** What you will do **
Count the lines in the entries that contain "object". Say the number and nothing more.

[Stored records]
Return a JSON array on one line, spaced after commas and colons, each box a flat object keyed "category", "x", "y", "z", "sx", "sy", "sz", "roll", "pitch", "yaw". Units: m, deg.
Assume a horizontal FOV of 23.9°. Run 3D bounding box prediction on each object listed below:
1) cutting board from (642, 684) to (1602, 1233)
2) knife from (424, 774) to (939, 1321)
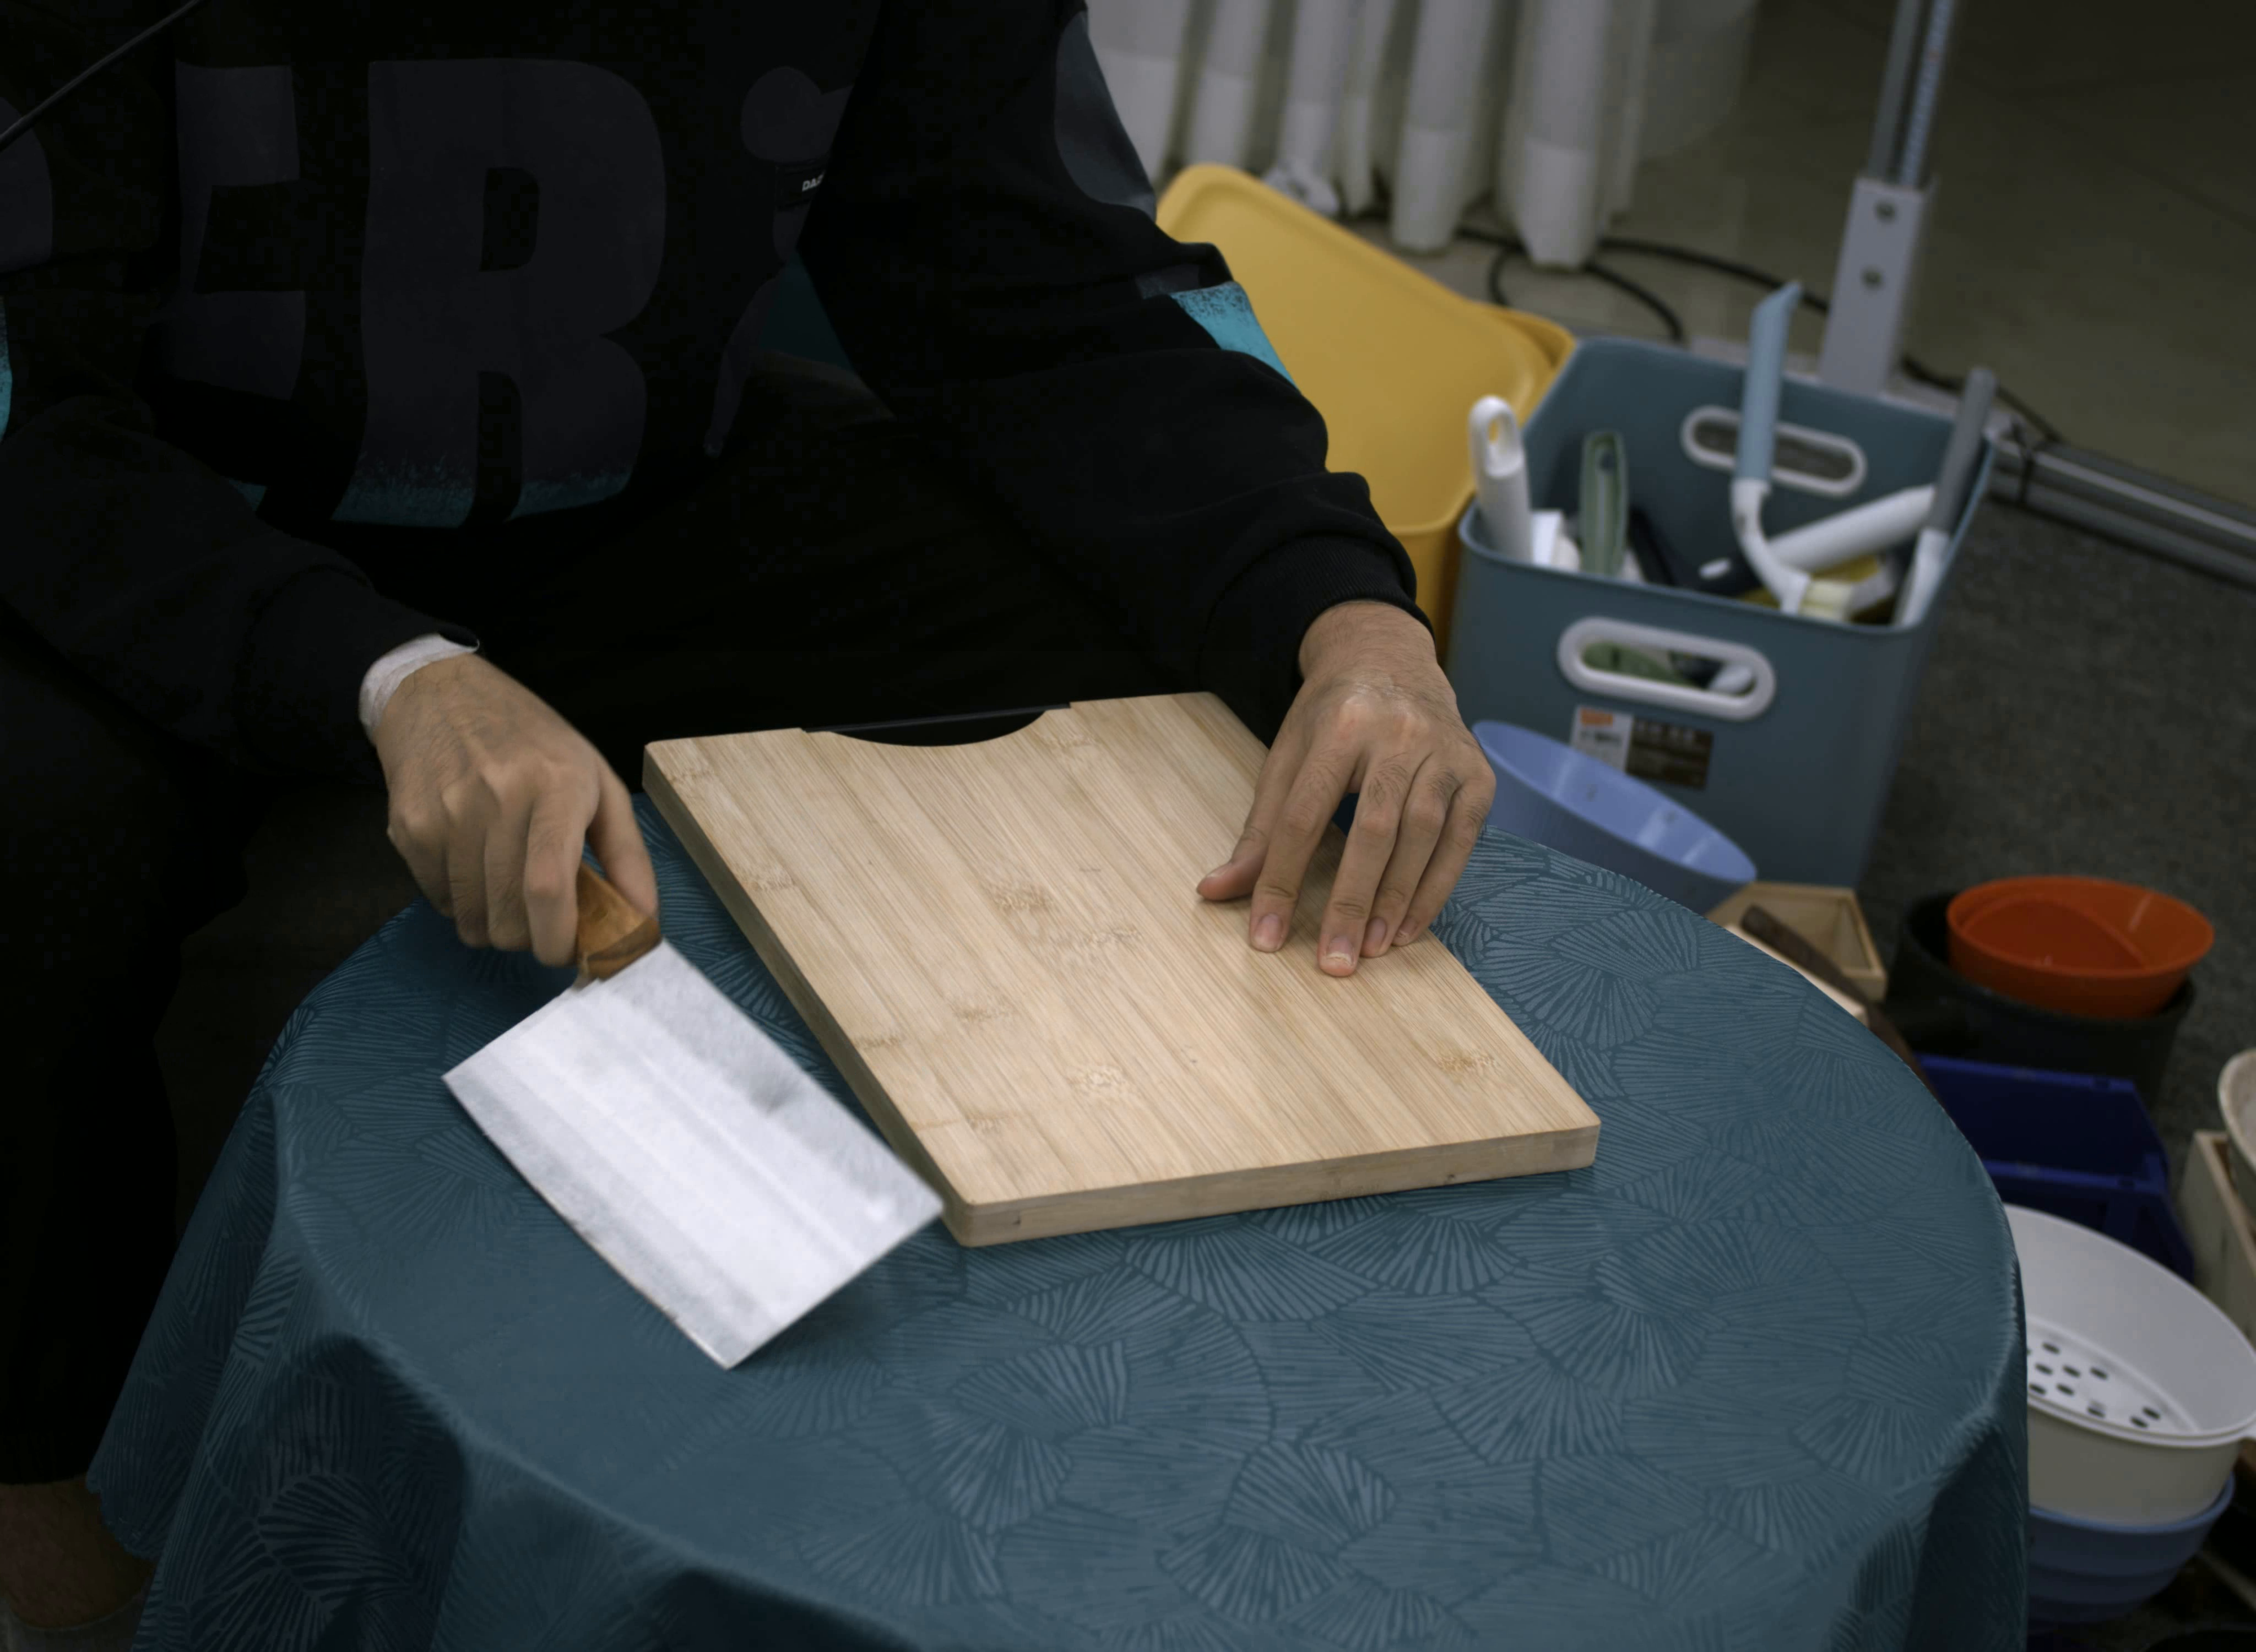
[{"category": "cutting board", "x": -0.011, "y": 0.042, "z": 1.942, "sx": 0.249, "sy": 0.023, "sz": 0.352, "roll": -6, "pitch": 30, "yaw": -23}, {"category": "knife", "x": -0.175, "y": 0.075, "z": 1.798, "sx": 0.093, "sy": 0.021, "sz": 0.308, "roll": -39, "pitch": 44, "yaw": -12}]

** Finished task **
2